Dr. Berberian and Dr. Grigor Discuss Their Research and New Book on Armenian Women in Iran, 1860-1979
Armenian women, as a minoritized ethnoreligious and gender category, played a pivotal role in shaping Iranian modernity. Dr. Houri Berberian (Professor of History, Meghrouni Family Presidential Chair in Armenian Studies, and Director of the Center for Armenian Studies at the University of California, Irvine) and Dr. Talinn Grigor (Professor of Art History in the Department of Art and Art History at the University of California, Davis) studied the emergence of women’s organizations and indigenous feminism on modern Iran in their new book, The Armenian Woman, Minoritarian Agency, and the Making of Iranian Modernity, 1860-1979.
The Armenian Studies Program invited Dr. Berberian and Dr. Grigor to Fresno State to present their research, on Monday, August 25, 2025.
The presentation of the book highlighted how women’s organizations, such as the Armenian Women’s Benevolent Society (AWBS) and the Armenian Woman Union (AWU), addressed Armenian women’s impact on the social and political development of Armenian women in Iran. These women’s organizations promoted women’s education, literacy, and empowerment, insisting on women-only leadership. They paved the way for a new form of intellectual power through oral and written mediums.
As written records were fragmented or lost during exile, silenced by patriarchy, or neglected, the authors turned to visual and material culture as well as oral interviews. AWU translated feminist works in the 1960s and supported women writers. These alternative archives made their lives visible.
In response to patriarchal representations in the press, women resorted to press campaigns and cultural events to assert feminist presence in Irano-Armenian society, in the 1960s–1970s. Berberian and Grigor illustrated this period with satirical newspaper clippings targeting women’s groups, women’s responses, and images from a 1974 historical women’s costume exhibition. These works revealed the tense social and cultural climate of the time.

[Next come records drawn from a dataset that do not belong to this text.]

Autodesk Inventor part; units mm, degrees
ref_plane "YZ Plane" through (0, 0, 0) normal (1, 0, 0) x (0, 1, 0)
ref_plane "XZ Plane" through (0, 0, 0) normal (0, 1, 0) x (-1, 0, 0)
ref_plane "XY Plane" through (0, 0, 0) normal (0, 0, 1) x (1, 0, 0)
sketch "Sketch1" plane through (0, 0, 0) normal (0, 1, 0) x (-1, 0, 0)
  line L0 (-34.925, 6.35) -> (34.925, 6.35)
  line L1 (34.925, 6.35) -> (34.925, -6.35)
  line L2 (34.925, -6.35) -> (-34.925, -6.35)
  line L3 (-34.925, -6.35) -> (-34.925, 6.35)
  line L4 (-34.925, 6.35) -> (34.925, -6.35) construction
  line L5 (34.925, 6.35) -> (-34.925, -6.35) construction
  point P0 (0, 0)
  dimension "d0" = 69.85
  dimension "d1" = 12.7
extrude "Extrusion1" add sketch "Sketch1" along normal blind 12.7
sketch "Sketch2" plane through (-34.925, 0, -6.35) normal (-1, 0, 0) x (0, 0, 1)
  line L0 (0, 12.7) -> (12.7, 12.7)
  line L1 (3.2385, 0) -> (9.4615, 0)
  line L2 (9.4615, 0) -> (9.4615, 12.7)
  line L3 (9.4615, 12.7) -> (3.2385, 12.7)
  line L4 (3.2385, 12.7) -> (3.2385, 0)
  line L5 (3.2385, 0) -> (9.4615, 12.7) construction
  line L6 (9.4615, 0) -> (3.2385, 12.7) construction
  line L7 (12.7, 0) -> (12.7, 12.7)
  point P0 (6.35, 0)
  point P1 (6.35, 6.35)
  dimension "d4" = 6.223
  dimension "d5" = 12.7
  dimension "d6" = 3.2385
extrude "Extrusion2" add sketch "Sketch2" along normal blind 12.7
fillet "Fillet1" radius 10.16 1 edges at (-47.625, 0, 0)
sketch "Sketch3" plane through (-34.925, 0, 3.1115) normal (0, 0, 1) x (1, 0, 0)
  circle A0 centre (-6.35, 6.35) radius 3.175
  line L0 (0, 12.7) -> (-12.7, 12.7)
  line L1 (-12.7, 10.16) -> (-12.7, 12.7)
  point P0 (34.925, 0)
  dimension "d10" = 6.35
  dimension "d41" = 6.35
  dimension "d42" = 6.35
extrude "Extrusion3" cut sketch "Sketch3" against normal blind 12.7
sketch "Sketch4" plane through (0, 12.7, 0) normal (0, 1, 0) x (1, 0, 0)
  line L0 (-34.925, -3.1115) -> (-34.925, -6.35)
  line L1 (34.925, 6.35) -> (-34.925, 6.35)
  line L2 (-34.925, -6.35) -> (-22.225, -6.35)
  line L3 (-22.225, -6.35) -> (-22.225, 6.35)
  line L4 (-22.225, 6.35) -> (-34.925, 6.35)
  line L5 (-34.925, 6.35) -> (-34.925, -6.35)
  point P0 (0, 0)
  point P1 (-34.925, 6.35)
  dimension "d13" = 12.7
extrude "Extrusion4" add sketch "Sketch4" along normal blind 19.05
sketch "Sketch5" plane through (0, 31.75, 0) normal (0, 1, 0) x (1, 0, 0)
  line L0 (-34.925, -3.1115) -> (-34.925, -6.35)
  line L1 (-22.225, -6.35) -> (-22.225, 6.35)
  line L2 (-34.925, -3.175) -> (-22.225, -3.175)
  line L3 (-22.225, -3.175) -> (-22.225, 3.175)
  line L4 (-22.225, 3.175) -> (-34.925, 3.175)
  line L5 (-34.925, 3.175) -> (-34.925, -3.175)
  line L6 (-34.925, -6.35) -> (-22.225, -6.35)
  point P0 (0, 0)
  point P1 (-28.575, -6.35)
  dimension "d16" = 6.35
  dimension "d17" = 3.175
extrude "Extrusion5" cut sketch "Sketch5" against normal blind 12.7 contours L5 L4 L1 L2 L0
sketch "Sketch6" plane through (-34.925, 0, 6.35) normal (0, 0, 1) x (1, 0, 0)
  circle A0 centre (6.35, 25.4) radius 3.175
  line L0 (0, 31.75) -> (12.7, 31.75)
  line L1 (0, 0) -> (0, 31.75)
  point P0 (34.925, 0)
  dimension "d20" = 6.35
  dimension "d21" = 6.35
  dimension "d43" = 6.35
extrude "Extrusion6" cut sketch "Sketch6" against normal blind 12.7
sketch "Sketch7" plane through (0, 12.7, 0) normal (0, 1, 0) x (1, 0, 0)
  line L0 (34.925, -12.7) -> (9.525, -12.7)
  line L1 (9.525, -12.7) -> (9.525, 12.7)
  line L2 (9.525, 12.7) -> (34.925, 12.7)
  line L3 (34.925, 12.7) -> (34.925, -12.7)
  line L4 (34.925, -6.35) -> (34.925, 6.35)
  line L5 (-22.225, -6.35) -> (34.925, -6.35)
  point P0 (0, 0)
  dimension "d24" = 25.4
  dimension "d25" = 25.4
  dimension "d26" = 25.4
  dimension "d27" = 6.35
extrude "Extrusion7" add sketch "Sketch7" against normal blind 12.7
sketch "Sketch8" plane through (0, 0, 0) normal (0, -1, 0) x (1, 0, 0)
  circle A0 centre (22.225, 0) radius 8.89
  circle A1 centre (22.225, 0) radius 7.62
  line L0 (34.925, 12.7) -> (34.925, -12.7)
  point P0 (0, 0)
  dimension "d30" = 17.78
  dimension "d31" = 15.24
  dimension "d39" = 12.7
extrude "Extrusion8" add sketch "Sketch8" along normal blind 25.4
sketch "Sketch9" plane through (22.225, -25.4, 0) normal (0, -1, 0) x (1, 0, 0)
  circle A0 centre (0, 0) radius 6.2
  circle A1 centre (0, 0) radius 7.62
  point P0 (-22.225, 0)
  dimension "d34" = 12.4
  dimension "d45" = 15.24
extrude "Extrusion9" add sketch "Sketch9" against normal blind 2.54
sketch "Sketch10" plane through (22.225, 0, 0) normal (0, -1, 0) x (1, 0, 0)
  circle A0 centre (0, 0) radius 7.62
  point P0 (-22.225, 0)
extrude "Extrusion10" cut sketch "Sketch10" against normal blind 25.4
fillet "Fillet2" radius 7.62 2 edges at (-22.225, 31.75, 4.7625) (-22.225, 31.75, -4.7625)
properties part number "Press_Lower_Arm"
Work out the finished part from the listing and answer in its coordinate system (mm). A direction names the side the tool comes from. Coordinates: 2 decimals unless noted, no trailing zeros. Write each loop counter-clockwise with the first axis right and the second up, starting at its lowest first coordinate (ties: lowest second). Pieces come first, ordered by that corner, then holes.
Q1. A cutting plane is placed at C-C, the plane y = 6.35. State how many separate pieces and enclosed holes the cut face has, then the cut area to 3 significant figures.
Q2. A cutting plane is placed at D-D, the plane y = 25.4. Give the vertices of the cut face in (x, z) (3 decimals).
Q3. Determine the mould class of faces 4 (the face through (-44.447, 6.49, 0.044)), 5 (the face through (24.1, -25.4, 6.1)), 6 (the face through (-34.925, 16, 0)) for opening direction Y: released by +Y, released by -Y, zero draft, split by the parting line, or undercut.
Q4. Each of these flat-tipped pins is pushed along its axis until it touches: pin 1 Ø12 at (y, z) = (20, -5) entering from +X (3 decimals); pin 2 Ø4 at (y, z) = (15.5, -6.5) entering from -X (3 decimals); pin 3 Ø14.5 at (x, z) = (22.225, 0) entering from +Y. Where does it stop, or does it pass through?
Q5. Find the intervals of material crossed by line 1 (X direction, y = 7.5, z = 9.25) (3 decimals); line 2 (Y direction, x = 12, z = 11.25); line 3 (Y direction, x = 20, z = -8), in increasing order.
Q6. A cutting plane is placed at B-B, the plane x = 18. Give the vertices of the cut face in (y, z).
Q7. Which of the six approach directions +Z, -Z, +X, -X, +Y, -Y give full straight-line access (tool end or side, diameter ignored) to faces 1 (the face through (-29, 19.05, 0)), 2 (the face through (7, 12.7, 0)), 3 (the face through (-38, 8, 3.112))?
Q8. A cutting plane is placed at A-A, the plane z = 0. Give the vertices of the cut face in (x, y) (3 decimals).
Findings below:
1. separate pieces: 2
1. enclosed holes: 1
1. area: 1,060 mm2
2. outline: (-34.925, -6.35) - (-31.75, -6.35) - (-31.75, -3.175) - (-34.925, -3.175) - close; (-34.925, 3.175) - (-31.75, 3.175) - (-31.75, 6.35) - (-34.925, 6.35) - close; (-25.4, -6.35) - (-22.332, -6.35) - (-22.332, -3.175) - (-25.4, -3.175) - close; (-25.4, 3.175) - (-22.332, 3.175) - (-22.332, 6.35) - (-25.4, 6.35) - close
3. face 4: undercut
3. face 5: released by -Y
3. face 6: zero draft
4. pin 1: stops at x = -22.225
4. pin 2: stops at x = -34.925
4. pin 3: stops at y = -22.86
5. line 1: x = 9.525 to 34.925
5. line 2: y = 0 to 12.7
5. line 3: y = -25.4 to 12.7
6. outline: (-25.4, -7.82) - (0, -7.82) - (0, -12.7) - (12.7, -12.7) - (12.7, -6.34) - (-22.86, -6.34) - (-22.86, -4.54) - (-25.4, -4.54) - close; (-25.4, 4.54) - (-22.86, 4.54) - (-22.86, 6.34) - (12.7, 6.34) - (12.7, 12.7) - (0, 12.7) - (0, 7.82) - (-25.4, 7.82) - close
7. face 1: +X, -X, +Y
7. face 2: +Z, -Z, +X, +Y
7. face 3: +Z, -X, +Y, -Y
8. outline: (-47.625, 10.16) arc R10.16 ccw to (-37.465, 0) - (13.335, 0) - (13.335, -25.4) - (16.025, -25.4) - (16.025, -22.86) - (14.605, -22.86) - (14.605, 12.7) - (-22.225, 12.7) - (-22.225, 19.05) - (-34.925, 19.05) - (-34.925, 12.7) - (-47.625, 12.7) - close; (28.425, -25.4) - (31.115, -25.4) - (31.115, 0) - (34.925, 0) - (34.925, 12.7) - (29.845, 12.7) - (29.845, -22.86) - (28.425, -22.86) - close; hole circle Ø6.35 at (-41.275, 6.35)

With Grigor’s expertise in visual material and Berberian’s in textual, the book interweaves visual and material culture with textual evidence to uncover not just what Armenian women did, but how their lives were remembered and represented. Thus, each section of the book is represented by a visual source, including a photograph of three graduates (representative of women’s development in education) and a seventeenth-century Isfahan oil painting, misattributed as Chinese art in Kensington Palace, as an example of Armenians’ cultural misrepresentation in Iran.
Armenian women transformed exclusion from public life into opportunities for cross-cultural feminism, asserting agency through charity, education, and cultural production.
The authors explained that their own “distinct in betweenness,” living lives between multiple cultures, languages, and backgrounds informed their research and writing. They parallel this in their book by writing including three distinct languages: Armenian, English, and Iranian.
To close their presentation, Berberian and Grigor read excerpts from the book, offering the audience a glimpse into its storytelling tone and narrative style. Their delivery balanced historical analysis with lived experiences, highlighting key parts such as the formation of the first Armenian women’s society, the mesh of global and individual perspectives, and the influence of Western feminist thought. The authors’ passion for the subject was evident, and their ability to blend intellectuality with humanity left a strong impression on listeners.
Ultimately, The Armenian Woman, Minoritarian Agency, and the Making of Iranian Modernity, 1860–1979 demonstrates how Armenian women transformed marginalization into activism. Through benevolent societies, cultural production, and feminist movements, they asserted agency, reshaped women’s roles in Irano-Armenian society, collaborated with Iranian women, state, and society, and contributed to a broader women’s movement in Iran.